LONDON, 11 June 2025 – Cushman & Wakefield’s ‘Midpoint 2025: From Caution to Strategic Conviction’ report reveals a European commercial real estate market that is stabilising and showing signs of renewed investor confidence, despite ongoing macroeconomic and geopolitical uncertainties.
The firm’s latest data shows that transaction volumes rose 7.4% year-on-year in Q1 2025, with Germany and the UK leading the recovery. While the on-again and off-again trade tensions between the U.S. and the EU continue to weigh on sentiment, Cushman & Wakefield believes the worst of the trade disruption has passed and will continue to ease as new deals are agreed. There is further cause for optimism with moves towards a more expansionary fiscal policy setting the stage for a recovery in 2026.
Sukhdeep Dhillon, Head of EMEA Forecasting at Cushman & Wakefield, said: “The European commercial real estate market is transitioning from caution to conviction. While forward-looking indicators remain mixed, the fundamentals across sectors, particularly in logistics, living, and prime retail are robust. As inflation moderates and rate cuts take hold, we expect capital markets to respond positively, unlocking new opportunities for investors in the second half of 2025 and into 2026.”
Offices: Focus on the Core
Office leasing slowed in early 2025 amid geopolitical uncertainty, but demand nonetheless remains focused on high-quality space in central business districts (CBDs), which accounted for 70% of leasing activity over the past year (60% pre-pandemic). Leasing activity in 2025 is expected to stay broadly in line with 2024, with positive net absorption of 1.3 million sq m. Cushman & Wakefield believes that as geopolitical risks ease and trade agreements progress, improved corporate confidence should lift activity into 2026.
Meanwhile, vacancy continues to rise in non-central areas, reinforcing the bifurcation between core and peripheral markets. Rents in central locations remain under upward pressure, driven by strong demand for high-quality, well-located space. However, growth is slowing as affordability pressures mount and more new office space hits the market. Office deliveries across Europe are set to rise by 23% year-on-year (YOY) in 2025, with cities like London and Milan accounting for the largest share of this new supply. Prime office rents are forecast to grow by 2.7% in Europe (ex-UK) and 6.8% in the UK in 2025, while yields are expected to compress by 9 basis points.

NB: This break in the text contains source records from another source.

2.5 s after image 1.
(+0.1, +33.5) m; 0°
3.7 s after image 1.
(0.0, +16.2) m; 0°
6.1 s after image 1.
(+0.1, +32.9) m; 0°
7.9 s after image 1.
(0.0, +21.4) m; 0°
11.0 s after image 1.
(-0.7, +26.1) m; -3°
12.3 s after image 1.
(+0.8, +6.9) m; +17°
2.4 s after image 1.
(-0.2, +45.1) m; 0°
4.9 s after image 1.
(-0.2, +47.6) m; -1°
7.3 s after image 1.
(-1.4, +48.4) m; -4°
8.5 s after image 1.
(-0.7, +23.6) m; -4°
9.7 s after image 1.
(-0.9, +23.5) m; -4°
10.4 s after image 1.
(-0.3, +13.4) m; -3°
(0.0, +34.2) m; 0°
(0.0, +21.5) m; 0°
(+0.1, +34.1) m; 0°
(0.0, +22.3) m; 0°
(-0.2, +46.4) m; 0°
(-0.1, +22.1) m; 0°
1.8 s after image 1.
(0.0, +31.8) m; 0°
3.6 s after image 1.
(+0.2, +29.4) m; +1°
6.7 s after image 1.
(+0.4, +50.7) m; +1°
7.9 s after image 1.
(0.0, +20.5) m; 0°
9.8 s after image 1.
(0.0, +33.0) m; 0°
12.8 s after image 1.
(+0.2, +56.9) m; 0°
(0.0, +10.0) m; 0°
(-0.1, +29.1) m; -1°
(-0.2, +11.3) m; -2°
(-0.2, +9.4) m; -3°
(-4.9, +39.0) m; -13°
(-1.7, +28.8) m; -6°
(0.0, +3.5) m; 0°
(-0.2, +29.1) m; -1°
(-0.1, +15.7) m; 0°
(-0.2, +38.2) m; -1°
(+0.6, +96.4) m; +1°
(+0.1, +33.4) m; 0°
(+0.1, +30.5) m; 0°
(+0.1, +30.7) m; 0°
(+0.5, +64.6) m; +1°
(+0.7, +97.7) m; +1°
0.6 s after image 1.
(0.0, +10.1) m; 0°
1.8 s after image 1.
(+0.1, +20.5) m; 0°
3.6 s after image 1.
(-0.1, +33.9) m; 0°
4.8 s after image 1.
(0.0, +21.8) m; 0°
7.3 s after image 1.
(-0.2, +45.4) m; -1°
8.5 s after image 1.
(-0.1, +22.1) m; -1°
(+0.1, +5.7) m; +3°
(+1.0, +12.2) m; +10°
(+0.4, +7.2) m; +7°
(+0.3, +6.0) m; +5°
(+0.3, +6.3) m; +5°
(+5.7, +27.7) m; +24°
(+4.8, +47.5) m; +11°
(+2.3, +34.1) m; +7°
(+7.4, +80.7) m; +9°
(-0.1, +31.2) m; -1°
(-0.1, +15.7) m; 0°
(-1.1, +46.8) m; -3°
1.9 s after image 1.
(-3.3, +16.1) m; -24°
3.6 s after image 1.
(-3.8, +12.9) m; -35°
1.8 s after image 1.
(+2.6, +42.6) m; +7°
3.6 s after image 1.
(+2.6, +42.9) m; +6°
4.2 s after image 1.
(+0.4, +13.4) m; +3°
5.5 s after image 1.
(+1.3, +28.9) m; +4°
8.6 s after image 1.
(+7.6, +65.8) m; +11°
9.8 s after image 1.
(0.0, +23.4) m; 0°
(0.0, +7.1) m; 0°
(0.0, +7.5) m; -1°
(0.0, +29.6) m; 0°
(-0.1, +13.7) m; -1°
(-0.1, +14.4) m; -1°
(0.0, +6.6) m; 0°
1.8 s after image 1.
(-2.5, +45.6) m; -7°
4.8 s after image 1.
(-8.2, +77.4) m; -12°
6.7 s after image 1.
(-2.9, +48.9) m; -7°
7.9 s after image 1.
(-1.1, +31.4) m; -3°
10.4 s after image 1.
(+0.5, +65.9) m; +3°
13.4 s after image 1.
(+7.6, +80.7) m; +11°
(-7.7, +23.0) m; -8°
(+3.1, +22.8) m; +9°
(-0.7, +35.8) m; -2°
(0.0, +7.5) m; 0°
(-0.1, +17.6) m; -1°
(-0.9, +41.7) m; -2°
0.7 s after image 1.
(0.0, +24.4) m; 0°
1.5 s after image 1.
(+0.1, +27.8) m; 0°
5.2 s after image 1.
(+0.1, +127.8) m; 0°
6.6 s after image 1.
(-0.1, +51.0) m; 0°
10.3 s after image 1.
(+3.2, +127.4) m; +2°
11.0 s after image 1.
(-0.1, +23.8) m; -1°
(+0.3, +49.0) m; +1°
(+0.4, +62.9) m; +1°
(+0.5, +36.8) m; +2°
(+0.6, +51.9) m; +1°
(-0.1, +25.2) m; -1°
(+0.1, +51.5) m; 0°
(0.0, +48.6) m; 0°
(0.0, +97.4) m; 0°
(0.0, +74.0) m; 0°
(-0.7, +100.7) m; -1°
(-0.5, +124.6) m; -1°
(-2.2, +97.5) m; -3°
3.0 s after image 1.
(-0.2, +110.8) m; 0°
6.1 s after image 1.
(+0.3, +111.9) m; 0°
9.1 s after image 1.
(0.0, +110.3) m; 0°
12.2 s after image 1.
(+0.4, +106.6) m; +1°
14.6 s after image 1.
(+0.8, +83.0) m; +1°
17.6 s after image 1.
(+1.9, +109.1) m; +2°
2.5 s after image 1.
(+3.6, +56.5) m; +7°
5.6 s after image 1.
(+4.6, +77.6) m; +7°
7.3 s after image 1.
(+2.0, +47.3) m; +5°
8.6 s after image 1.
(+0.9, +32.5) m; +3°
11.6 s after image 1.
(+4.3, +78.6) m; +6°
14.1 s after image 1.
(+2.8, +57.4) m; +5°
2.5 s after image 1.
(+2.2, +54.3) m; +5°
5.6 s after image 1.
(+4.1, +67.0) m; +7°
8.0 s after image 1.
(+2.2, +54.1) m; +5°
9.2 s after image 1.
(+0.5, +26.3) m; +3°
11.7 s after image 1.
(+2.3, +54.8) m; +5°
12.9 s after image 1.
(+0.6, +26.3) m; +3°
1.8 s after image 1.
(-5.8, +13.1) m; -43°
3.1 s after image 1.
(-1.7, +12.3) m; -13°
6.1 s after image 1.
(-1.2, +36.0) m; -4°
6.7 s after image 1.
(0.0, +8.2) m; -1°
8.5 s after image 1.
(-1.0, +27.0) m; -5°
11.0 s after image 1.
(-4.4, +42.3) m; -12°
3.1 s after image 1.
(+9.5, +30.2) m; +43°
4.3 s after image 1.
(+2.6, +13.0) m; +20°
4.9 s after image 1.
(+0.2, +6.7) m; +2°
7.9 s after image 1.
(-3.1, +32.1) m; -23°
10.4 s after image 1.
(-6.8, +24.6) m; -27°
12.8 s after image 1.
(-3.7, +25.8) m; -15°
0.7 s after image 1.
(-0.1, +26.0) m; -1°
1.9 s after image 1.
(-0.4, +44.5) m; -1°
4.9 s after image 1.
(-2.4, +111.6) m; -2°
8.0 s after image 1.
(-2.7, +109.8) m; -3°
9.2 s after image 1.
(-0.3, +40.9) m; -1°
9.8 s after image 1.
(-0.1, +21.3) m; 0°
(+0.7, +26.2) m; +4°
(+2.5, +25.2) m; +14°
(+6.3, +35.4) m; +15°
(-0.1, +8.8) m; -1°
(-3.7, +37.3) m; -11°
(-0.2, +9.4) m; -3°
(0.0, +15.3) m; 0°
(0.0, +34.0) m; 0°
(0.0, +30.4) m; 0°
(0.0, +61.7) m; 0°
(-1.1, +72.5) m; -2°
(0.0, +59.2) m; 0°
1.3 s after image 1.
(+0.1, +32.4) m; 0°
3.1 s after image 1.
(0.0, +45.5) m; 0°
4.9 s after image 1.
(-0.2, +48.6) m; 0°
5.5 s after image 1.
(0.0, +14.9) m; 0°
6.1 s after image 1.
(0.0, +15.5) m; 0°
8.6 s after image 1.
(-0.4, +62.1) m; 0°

Logistics: Fundamentals Support Recovery
Despite a soft start to the year, logistics take-up is stabilising near pre-pandemic levels. Easing monetary policy, stabilising demand, and tight supply are expected to support recovery into 2026. Prime rents are forecast to grow by 2.6% in Europe (ex-UK) and 5.1% in the UK in 2025. Yield compression of 17 basis points is expected across logistics assets this year, driven by strong investor demand and limited supply. Investment volumes rallied in Q1 2025 (€46 billion) and are set to increase as pricing adjusts to the new rate environment and vendor expectations align with market realities.
Retail: Prime Assets in Demand
Retail continues to show resilience despite tariff-related planning challenges and the momentum is expected to continue into 2025. Prime rental growth is forecast at 2.4% in Europe (ex-UK) and 4.9% in the UK for 2025. Investor interest is returning, particularly for high-footfall urban locations and retail parks, amid improved sentiment and better debt availability. Capital value growth is expected to reach 3.3% in Europe and 4.9% in the UK, with total returns of 8% and 10.8% respectively.
Living: Supply Constraints Drive Growth
The living sector remains underpinned by structural supply-demand imbalances which show little sign of easing with building permits across the euro area continuing to decline despite robust urban population growth. The result is a sustained upward pressure on rental values (6.4% YOY in Q1 2025), particularly in supply-constrained urban centres. Because of this, the case for rental growth remains compelling—not just in the short term, but well into the medium term—offering institutional investors a resilient income stream in an otherwise uncertain macroeconomic environment.
According to Cushman & Wakefield’s European Living Investor Survey 2025, 80% of investors plan to increase allocations to the sector over the next five years.